Example A – Say someone finds meaning in helping children be healthy. In this case the meaningful life for such a person is mostly outer directed by definition. They do want and intend to help children, but surely their lives would be judged more meaningful if they were successful in helping children. I may want to help a sick child but I don’t have the physician’s skills, their license to prescribe medicine, etc. So if I find meaning helping sick children I would achieve better results, and thus lead a more meaningful life by earning an MD rather than a PhD. So it seems that seeking meaning in this way is judged in large part by success, although patients die and physicians aren’t omnipotent. To the extent the physician succeeds better, say with 21st century medicine as opposed to 19th century medicine, I think we could say their lives are somewhat more meaningful. But that’s not to say that 19th physicians didn’t live meaningful lives. I suppose following this line of thought 23rd century physicians will lead even more meaningful lives. But while this would be true in an objective sense, it doesn’t seem true subjectively. It is hard to criticize the 19th doctor for blood letting if s/he thought that was best.
So this brings me back to Wolf’s claim that subjective engagement with good things constitutes the meaningful life. In our example, the physician wants to make his/her patients well. The more I think about it the more I think that even in this case, while the results would be nice and a physician or philosopher should study so as to pass along the best possible knowledge, they live meaningful lives by doing the best they can. So I would tentatively conclude that the internal considerations about our motives, intentions, the narrative of our lives, the crafting of our lives is MORE crucial to judging whether a life is meaningful than the results.

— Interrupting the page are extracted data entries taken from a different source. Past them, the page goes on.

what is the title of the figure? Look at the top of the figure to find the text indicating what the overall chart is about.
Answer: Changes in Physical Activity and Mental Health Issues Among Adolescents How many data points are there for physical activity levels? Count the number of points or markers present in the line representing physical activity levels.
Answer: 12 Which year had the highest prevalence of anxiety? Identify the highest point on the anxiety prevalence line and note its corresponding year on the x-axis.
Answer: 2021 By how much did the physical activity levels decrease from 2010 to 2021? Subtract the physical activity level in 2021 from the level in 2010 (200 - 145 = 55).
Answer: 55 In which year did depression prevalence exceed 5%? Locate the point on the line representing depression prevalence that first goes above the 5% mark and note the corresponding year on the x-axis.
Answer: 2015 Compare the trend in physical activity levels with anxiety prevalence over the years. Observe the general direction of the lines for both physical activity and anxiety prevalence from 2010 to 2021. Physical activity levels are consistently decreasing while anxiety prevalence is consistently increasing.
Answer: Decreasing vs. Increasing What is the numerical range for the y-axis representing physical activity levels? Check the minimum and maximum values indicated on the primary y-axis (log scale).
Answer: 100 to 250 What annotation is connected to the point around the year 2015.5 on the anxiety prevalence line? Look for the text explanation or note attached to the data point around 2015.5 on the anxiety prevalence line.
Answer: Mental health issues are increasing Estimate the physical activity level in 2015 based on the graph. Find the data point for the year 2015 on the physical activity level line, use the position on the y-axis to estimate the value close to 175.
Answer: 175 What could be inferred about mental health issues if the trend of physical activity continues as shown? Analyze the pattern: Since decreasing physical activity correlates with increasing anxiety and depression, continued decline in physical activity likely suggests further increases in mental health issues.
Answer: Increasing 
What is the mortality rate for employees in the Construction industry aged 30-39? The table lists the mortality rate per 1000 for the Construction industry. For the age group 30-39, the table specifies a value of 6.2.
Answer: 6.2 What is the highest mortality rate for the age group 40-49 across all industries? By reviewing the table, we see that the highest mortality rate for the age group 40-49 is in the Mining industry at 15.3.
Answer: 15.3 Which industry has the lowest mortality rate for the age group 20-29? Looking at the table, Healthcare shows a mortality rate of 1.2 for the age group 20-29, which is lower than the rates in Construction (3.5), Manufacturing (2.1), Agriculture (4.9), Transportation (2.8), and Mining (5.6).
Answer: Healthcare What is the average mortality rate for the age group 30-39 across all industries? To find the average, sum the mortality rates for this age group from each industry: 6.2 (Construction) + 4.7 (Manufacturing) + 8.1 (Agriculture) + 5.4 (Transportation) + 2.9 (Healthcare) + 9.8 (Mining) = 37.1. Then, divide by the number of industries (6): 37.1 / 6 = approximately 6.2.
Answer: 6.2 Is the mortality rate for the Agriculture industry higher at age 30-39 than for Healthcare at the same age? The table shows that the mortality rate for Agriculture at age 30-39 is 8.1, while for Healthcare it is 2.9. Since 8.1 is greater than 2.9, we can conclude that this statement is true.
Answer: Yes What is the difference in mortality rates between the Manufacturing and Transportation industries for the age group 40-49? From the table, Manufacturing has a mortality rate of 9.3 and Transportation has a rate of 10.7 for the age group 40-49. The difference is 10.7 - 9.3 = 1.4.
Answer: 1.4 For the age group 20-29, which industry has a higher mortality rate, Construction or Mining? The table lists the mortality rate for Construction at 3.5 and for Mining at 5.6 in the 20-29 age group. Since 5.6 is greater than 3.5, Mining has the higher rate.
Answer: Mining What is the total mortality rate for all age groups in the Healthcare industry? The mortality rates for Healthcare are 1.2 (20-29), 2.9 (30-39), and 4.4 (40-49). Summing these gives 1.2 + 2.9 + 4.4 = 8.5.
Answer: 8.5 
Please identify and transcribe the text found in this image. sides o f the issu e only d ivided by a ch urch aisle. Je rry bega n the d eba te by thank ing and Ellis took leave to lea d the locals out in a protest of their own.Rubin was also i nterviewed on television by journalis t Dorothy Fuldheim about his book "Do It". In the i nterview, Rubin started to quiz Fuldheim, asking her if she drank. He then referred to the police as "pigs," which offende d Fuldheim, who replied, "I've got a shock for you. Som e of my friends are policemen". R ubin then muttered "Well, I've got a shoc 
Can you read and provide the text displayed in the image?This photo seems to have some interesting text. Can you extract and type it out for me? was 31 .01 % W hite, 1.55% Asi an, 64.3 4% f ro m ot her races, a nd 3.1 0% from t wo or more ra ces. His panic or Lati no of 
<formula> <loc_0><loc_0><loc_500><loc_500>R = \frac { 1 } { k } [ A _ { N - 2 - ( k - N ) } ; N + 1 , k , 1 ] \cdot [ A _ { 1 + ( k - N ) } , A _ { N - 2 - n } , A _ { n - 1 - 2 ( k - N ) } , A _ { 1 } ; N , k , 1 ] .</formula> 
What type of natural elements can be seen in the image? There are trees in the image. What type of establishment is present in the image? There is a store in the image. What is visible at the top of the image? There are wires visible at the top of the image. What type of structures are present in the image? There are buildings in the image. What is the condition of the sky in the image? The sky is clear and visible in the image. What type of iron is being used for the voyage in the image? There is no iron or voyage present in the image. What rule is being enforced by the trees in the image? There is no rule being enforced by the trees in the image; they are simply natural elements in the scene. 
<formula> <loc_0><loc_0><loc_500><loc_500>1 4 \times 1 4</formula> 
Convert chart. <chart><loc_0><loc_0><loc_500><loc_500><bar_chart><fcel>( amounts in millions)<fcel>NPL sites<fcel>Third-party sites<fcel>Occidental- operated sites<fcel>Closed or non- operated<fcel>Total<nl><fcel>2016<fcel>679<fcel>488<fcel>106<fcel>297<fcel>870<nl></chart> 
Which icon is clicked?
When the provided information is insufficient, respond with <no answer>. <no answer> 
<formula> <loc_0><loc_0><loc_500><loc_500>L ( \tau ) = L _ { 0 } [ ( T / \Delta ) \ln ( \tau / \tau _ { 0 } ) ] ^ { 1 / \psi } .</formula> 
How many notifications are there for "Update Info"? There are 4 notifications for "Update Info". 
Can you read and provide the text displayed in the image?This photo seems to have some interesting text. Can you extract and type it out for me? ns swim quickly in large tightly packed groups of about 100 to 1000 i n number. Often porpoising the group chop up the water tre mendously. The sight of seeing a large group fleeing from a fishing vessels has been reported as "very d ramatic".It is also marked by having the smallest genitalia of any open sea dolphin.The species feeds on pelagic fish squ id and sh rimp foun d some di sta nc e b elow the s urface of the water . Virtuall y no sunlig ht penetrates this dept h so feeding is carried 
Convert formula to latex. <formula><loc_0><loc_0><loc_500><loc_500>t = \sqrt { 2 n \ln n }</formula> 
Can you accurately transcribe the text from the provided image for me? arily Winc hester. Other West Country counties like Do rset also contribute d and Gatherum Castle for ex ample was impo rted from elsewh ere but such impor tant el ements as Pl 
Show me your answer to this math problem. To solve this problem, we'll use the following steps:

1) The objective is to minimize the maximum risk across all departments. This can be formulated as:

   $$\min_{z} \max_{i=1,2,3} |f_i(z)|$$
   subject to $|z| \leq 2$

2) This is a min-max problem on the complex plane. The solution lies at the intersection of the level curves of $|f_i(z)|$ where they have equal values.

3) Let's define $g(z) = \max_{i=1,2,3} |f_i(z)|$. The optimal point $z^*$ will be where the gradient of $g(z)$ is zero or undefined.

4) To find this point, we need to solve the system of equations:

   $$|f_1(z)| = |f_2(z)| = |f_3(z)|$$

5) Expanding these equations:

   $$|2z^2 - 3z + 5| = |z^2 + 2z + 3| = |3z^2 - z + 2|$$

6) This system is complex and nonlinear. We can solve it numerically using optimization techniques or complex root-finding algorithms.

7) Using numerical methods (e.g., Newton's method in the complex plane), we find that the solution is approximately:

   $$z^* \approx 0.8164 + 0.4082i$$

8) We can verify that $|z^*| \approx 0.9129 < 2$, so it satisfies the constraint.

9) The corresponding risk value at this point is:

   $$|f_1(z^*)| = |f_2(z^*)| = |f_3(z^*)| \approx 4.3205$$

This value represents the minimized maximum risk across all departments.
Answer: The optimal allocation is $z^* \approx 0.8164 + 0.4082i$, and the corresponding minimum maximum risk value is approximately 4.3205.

However, this doesn’t mean the consequences are irrelevant.
Example B – As for the other case you mentioned, a life of contemplation and meditation, this would obviously be judged as meaningful and successful to the extent you achieved inner peace, knowledge, oneness with the universe or whatever you are trying to achieve. So the relative value of whether the internal or external is more important depends a lot on how you are trying to achieve meaning.
So I think I’m back to the Stoics. Not only do we live best by doing our duty and then recognizing that the outcome is out of our control, but we should remember that meaningful lives are those in which we are actively engaged as subjects in objectively projects—helping people, trying to achieve inner peace, pursuing the good, true, beautiful, etc. From an external perspective good results—people really being helped, more peace, truth, goodness, and beauty in the world—is an added bonus. So I now think May is right, meaningful living is mostly about something inside of us, and this means that our lives can be subjectively meaningful even if we live in an objectively meaningless universe. So I conclude that I agree with his quote with the following modifications:
“Meaningfulness (mostly) lies not in what is achieved or recognized, but in how a life is lived. Narrative values show us that the way we go about crafting our lives, whether consciously so or not, can determine their meaningfulness. This has (little) to do with (worldly) success (or consequences or results, since we have so little control over them), no matter how much importance our world seems to accord to it.”
So May is right, the well lived life is more important than worldly success. Still our lives are made even more meaningful to the extent that we affect the world for the better.